▶ **Your instructions**: Starting at the line with "Instruction: Navigate to" and stopping at the final line, retype the data below exactly; do not carry over any pictures.

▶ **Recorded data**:
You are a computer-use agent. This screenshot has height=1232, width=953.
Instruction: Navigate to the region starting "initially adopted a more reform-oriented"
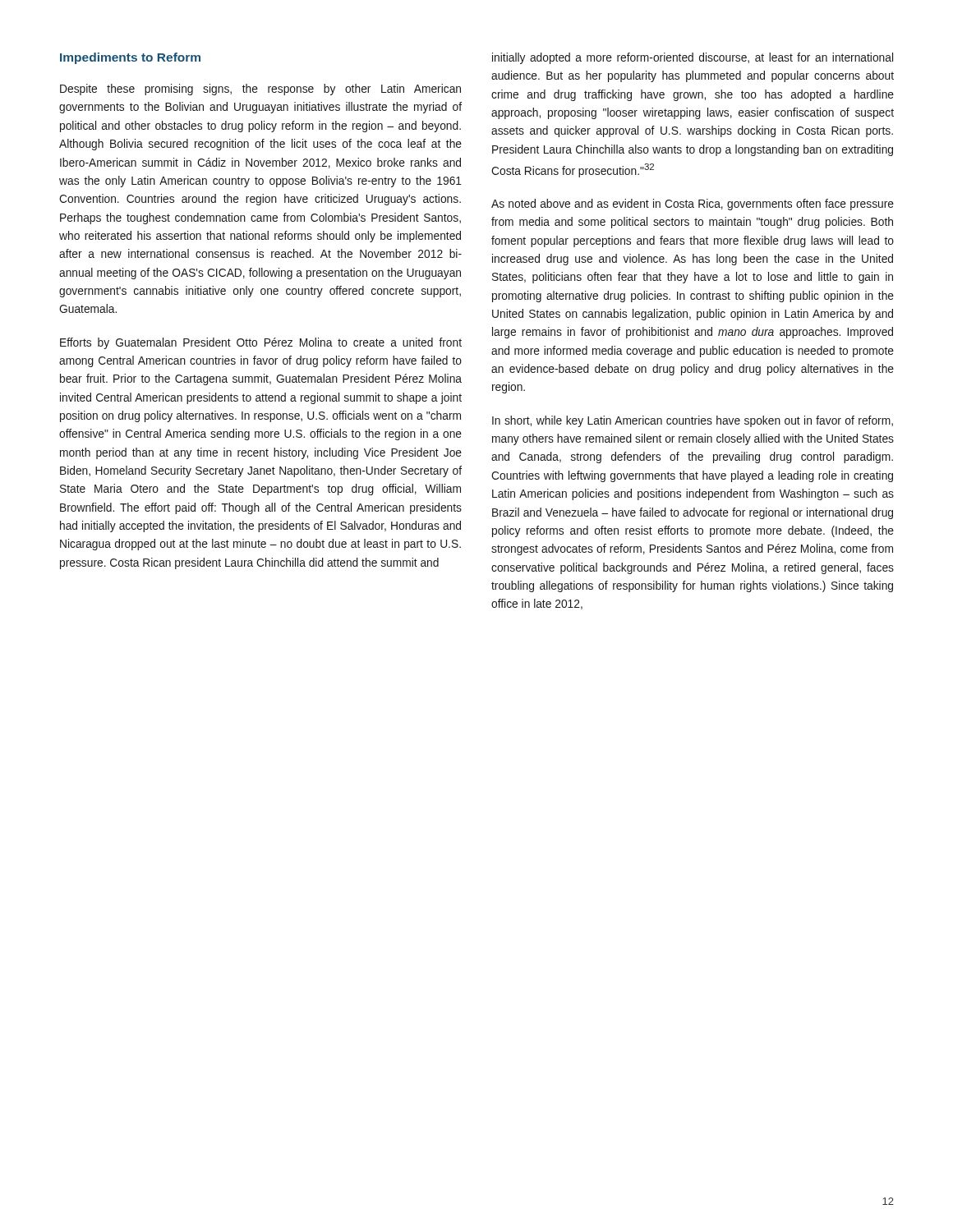coord(693,114)
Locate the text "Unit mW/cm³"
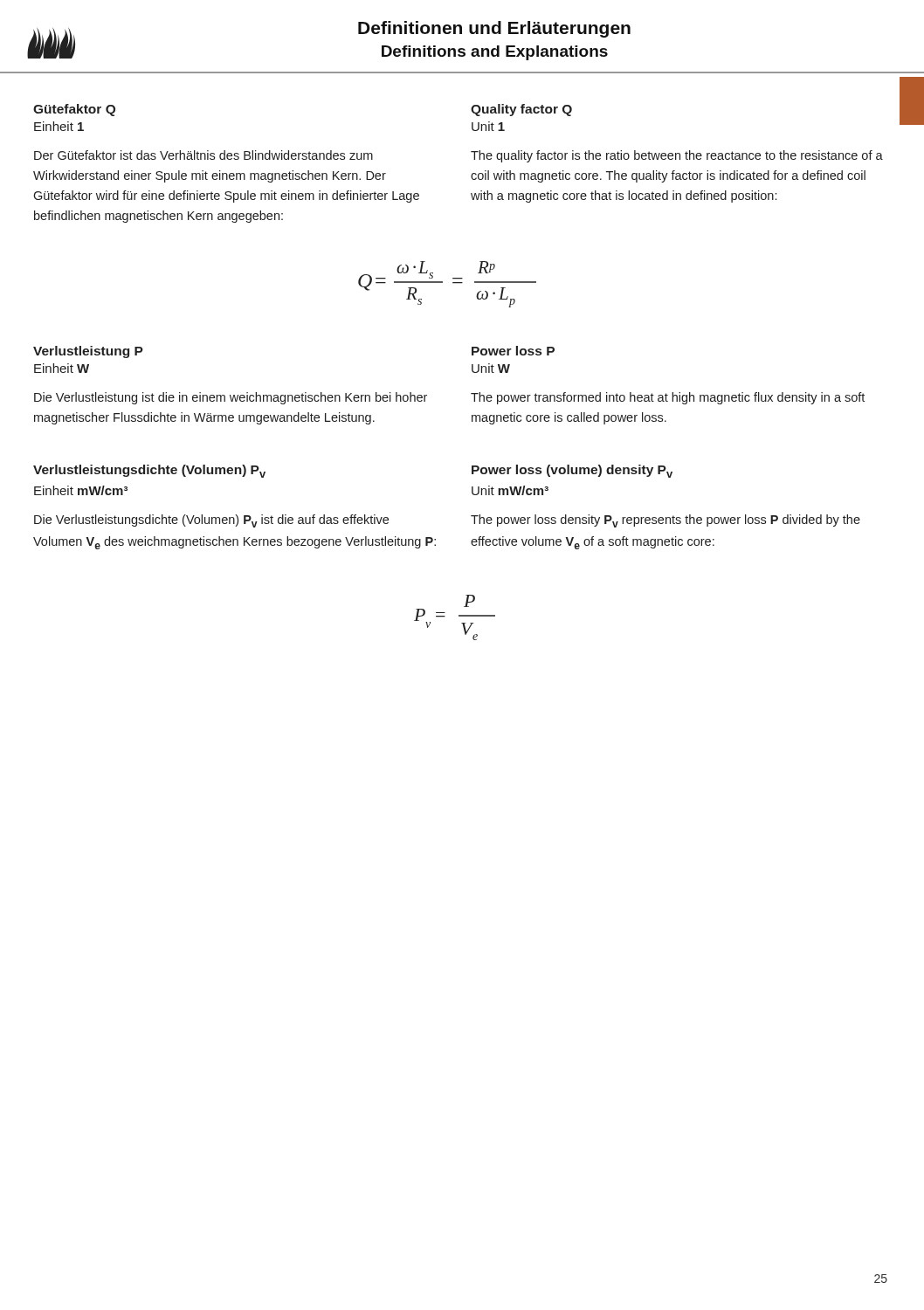 tap(510, 490)

▶ **Solution**:
Instruction: Navigate to the region starting "initially adopted a more reform-oriented"
coord(693,114)
Locate the text "Unit mW/cm³"
 tap(510, 490)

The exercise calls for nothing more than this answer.